__Work task__. Return the data below exactly as given, except for the images.

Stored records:
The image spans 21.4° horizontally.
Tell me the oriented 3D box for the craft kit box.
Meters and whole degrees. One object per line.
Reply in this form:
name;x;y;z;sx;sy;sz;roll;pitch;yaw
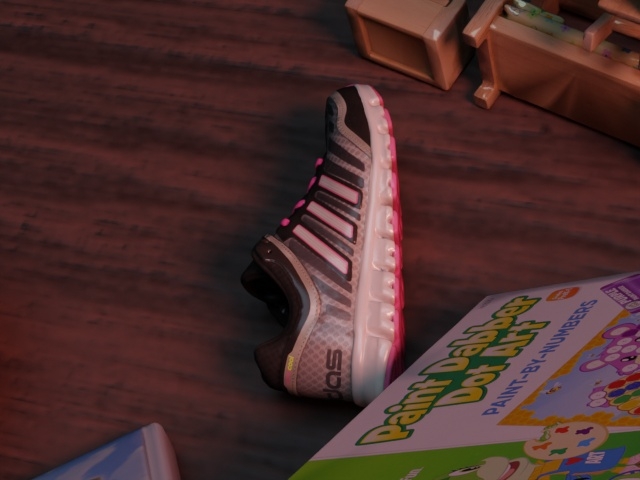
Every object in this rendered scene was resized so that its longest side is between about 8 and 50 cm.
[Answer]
craft kit box;0.122;0.069;0.583;0.246;0.061;0.250;-14;12;33

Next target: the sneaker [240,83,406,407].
sneaker;0.000;0.000;0.780;0.074;0.063;0.170;-3;61;5

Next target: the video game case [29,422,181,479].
video game case;-0.140;0.150;0.661;0.193;0.023;0.212;-25;14;-3

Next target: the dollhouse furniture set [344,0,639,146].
dollhouse furniture set;0.105;-0.141;0.788;0.182;0.161;0.101;25;66;26
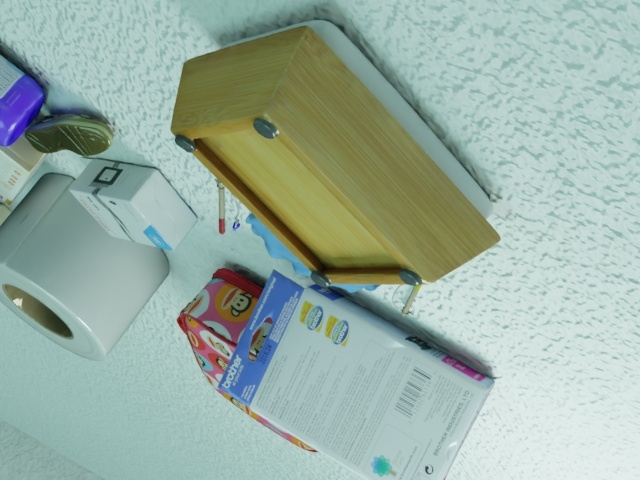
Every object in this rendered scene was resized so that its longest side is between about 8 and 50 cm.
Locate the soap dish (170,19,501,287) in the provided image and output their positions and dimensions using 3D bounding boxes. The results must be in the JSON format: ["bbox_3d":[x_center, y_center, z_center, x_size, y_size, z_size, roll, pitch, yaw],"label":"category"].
[{"bbox_3d":[0.005,-0.072,1.307,0.291,0.118,0.229,45,156,-25],"label":"soap dish"}]

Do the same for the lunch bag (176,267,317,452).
[{"bbox_3d":[-0.090,0.168,1.917,0.258,0.120,0.293,29,157,18],"label":"lunch bag"}]

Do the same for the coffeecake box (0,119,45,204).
[{"bbox_3d":[-0.454,-0.137,1.857,0.142,0.068,0.185,39,157,-9],"label":"coffeecake box"}]

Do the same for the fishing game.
[{"bbox_3d":[0.000,0.000,1.565,0.264,0.041,0.189,23,156,8],"label":"fishing game"}]

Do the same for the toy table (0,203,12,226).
[{"bbox_3d":[-0.620,-0.042,2.200,0.252,0.161,0.274,6,144,50],"label":"toy table"}]

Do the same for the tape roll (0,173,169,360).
[{"bbox_3d":[-0.371,0.042,2.002,0.246,0.169,0.246,30,158,13],"label":"tape roll"}]

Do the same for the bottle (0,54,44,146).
[{"bbox_3d":[-0.485,-0.237,1.704,0.283,0.092,0.118,38,164,-5],"label":"bottle"}]

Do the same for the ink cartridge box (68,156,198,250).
[{"bbox_3d":[-0.262,-0.051,1.803,0.180,0.060,0.104,11,148,46],"label":"ink cartridge box"}]

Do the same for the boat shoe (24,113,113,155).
[{"bbox_3d":[-0.318,-0.142,1.733,0.153,0.048,0.056,-1,135,43],"label":"boat shoe"}]

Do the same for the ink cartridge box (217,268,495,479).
[{"bbox_3d":[0.041,0.183,1.690,0.311,0.186,0.065,28,-165,13],"label":"ink cartridge box"}]
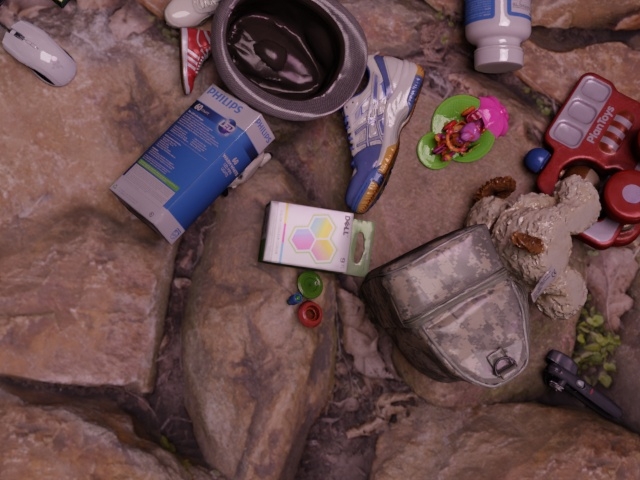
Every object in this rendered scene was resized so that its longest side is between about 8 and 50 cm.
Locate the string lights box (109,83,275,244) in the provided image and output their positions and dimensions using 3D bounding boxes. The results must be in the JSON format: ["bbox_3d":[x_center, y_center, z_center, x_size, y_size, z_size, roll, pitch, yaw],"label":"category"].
[{"bbox_3d":[-0.218,-0.133,1.635,0.133,0.077,0.260,36,77,33],"label":"string lights box"}]

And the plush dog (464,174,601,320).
[{"bbox_3d":[0.346,0.002,1.713,0.210,0.225,0.263,4,94,-36],"label":"plush dog"}]

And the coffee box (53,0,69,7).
[{"bbox_3d":[-0.483,-0.504,1.650,0.184,0.040,0.113,40,79,-7],"label":"coffee box"}]

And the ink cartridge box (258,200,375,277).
[{"bbox_3d":[0.000,0.000,1.713,0.209,0.062,0.109,9,84,-12],"label":"ink cartridge box"}]

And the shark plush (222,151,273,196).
[{"bbox_3d":[-0.151,-0.133,1.710,0.067,0.073,0.161,40,100,12],"label":"shark plush"}]

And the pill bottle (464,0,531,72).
[{"bbox_3d":[0.330,-0.431,1.783,0.124,0.124,0.222,2,86,-12],"label":"pill bottle"}]

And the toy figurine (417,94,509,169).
[{"bbox_3d":[0.270,-0.204,1.737,0.173,0.159,0.130,-36,94,-12],"label":"toy figurine"}]

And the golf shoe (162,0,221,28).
[{"bbox_3d":[-0.194,-0.428,1.687,0.176,0.086,0.069,-24,94,-11],"label":"golf shoe"}]

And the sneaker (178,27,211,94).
[{"bbox_3d":[-0.215,-0.318,1.697,0.067,0.042,0.119,-2,91,-16],"label":"sneaker"}]

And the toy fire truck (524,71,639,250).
[{"bbox_3d":[0.530,-0.144,1.807,0.254,0.169,0.302,32,79,16],"label":"toy fire truck"}]

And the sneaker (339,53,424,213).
[{"bbox_3d":[0.085,-0.195,1.737,0.131,0.112,0.297,19,79,5],"label":"sneaker"}]

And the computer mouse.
[{"bbox_3d":[-0.501,-0.341,1.635,0.193,0.042,0.106,36,79,-8],"label":"computer mouse"}]

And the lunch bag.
[{"bbox_3d":[0.222,0.128,1.637,0.212,0.305,0.256,-26,89,-10],"label":"lunch bag"}]

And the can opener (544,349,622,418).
[{"bbox_3d":[0.497,0.282,1.806,0.186,0.059,0.073,37,79,-7],"label":"can opener"}]

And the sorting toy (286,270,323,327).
[{"bbox_3d":[-0.030,0.108,1.717,0.061,0.042,0.102,6,73,-27],"label":"sorting toy"}]

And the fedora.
[{"bbox_3d":[-0.065,-0.327,1.688,0.275,0.124,0.244,21,82,-10],"label":"fedora"}]
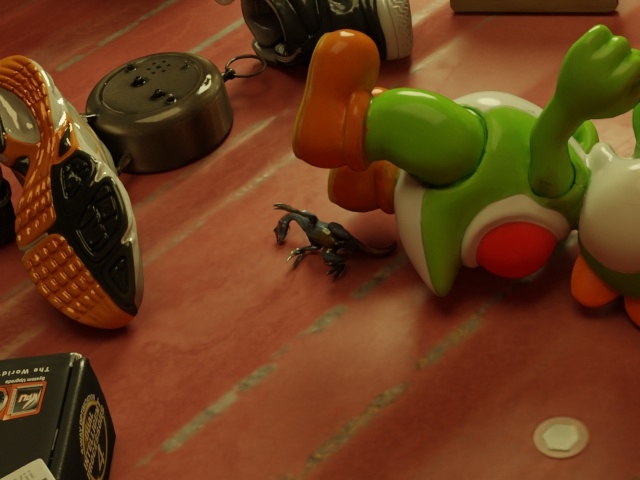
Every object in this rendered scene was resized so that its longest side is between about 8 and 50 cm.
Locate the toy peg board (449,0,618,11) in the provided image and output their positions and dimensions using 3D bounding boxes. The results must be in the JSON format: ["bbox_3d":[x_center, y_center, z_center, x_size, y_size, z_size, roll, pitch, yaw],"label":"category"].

__Written response__.
The image spans 21.4° horizontally.
Tell me the oriented 3D box for the craft kit box.
Meters and whole degrees. One object per line.
Reply in this form:
name;x;y;z;sx;sy;sz;roll;pitch;yaw
Every object in this rendered scene was resized so that its longest side is between about 8 and 50 cm.
[Answer]
craft kit box;0.122;0.069;0.583;0.246;0.061;0.250;-14;12;33

Next target: the sneaker [240,83,406,407].
sneaker;0.000;0.000;0.780;0.074;0.063;0.170;-3;61;5

Next target: the video game case [29,422,181,479].
video game case;-0.140;0.150;0.661;0.193;0.023;0.212;-25;14;-3

Next target: the dollhouse furniture set [344,0,639,146].
dollhouse furniture set;0.105;-0.141;0.788;0.182;0.161;0.101;25;66;26
Every object in this rendered scene was resized so that its longest side is between about 8 and 50 cm.
Locate the soap dish (170,19,501,287) in the provided image and output their positions and dimensions using 3D bounding boxes. The results must be in the JSON format: ["bbox_3d":[x_center, y_center, z_center, x_size, y_size, z_size, roll, pitch, yaw],"label":"category"].
[{"bbox_3d":[0.005,-0.072,1.307,0.291,0.118,0.229,45,156,-25],"label":"soap dish"}]

Do the same for the lunch bag (176,267,317,452).
[{"bbox_3d":[-0.090,0.168,1.917,0.258,0.120,0.293,29,157,18],"label":"lunch bag"}]

Do the same for the coffeecake box (0,119,45,204).
[{"bbox_3d":[-0.454,-0.137,1.857,0.142,0.068,0.185,39,157,-9],"label":"coffeecake box"}]

Do the same for the fishing game.
[{"bbox_3d":[0.000,0.000,1.565,0.264,0.041,0.189,23,156,8],"label":"fishing game"}]

Do the same for the toy table (0,203,12,226).
[{"bbox_3d":[-0.620,-0.042,2.200,0.252,0.161,0.274,6,144,50],"label":"toy table"}]

Do the same for the tape roll (0,173,169,360).
[{"bbox_3d":[-0.371,0.042,2.002,0.246,0.169,0.246,30,158,13],"label":"tape roll"}]

Do the same for the bottle (0,54,44,146).
[{"bbox_3d":[-0.485,-0.237,1.704,0.283,0.092,0.118,38,164,-5],"label":"bottle"}]

Do the same for the ink cartridge box (68,156,198,250).
[{"bbox_3d":[-0.262,-0.051,1.803,0.180,0.060,0.104,11,148,46],"label":"ink cartridge box"}]

Do the same for the boat shoe (24,113,113,155).
[{"bbox_3d":[-0.318,-0.142,1.733,0.153,0.048,0.056,-1,135,43],"label":"boat shoe"}]

Do the same for the ink cartridge box (217,268,495,479).
[{"bbox_3d":[0.041,0.183,1.690,0.311,0.186,0.065,28,-165,13],"label":"ink cartridge box"}]
Every object in this rendered scene was resized so that its longest side is between about 8 and 50 cm.
Locate the string lights box (109,83,275,244) in the provided image and output their positions and dimensions using 3D bounding boxes. The results must be in the JSON format: ["bbox_3d":[x_center, y_center, z_center, x_size, y_size, z_size, roll, pitch, yaw],"label":"category"].
[{"bbox_3d":[-0.218,-0.133,1.635,0.133,0.077,0.260,36,77,33],"label":"string lights box"}]

And the plush dog (464,174,601,320).
[{"bbox_3d":[0.346,0.002,1.713,0.210,0.225,0.263,4,94,-36],"label":"plush dog"}]

And the coffee box (53,0,69,7).
[{"bbox_3d":[-0.483,-0.504,1.650,0.184,0.040,0.113,40,79,-7],"label":"coffee box"}]

And the ink cartridge box (258,200,375,277).
[{"bbox_3d":[0.000,0.000,1.713,0.209,0.062,0.109,9,84,-12],"label":"ink cartridge box"}]

And the shark plush (222,151,273,196).
[{"bbox_3d":[-0.151,-0.133,1.710,0.067,0.073,0.161,40,100,12],"label":"shark plush"}]

And the pill bottle (464,0,531,72).
[{"bbox_3d":[0.330,-0.431,1.783,0.124,0.124,0.222,2,86,-12],"label":"pill bottle"}]

And the toy figurine (417,94,509,169).
[{"bbox_3d":[0.270,-0.204,1.737,0.173,0.159,0.130,-36,94,-12],"label":"toy figurine"}]

And the golf shoe (162,0,221,28).
[{"bbox_3d":[-0.194,-0.428,1.687,0.176,0.086,0.069,-24,94,-11],"label":"golf shoe"}]

And the sneaker (178,27,211,94).
[{"bbox_3d":[-0.215,-0.318,1.697,0.067,0.042,0.119,-2,91,-16],"label":"sneaker"}]

And the toy fire truck (524,71,639,250).
[{"bbox_3d":[0.530,-0.144,1.807,0.254,0.169,0.302,32,79,16],"label":"toy fire truck"}]

And the sneaker (339,53,424,213).
[{"bbox_3d":[0.085,-0.195,1.737,0.131,0.112,0.297,19,79,5],"label":"sneaker"}]

And the computer mouse.
[{"bbox_3d":[-0.501,-0.341,1.635,0.193,0.042,0.106,36,79,-8],"label":"computer mouse"}]

And the lunch bag.
[{"bbox_3d":[0.222,0.128,1.637,0.212,0.305,0.256,-26,89,-10],"label":"lunch bag"}]

And the can opener (544,349,622,418).
[{"bbox_3d":[0.497,0.282,1.806,0.186,0.059,0.073,37,79,-7],"label":"can opener"}]

And the sorting toy (286,270,323,327).
[{"bbox_3d":[-0.030,0.108,1.717,0.061,0.042,0.102,6,73,-27],"label":"sorting toy"}]

And the fedora.
[{"bbox_3d":[-0.065,-0.327,1.688,0.275,0.124,0.244,21,82,-10],"label":"fedora"}]
Every object in this rendered scene was resized so that its longest side is between about 8 and 50 cm.
Locate the toy peg board (449,0,618,11) in the provided image and output their positions and dimensions using 3D bounding boxes. The results must be in the JSON format: ["bbox_3d":[x_center, y_center, z_center, x_size, y_size, z_size, roll, pitch, yaw],"label":"category"].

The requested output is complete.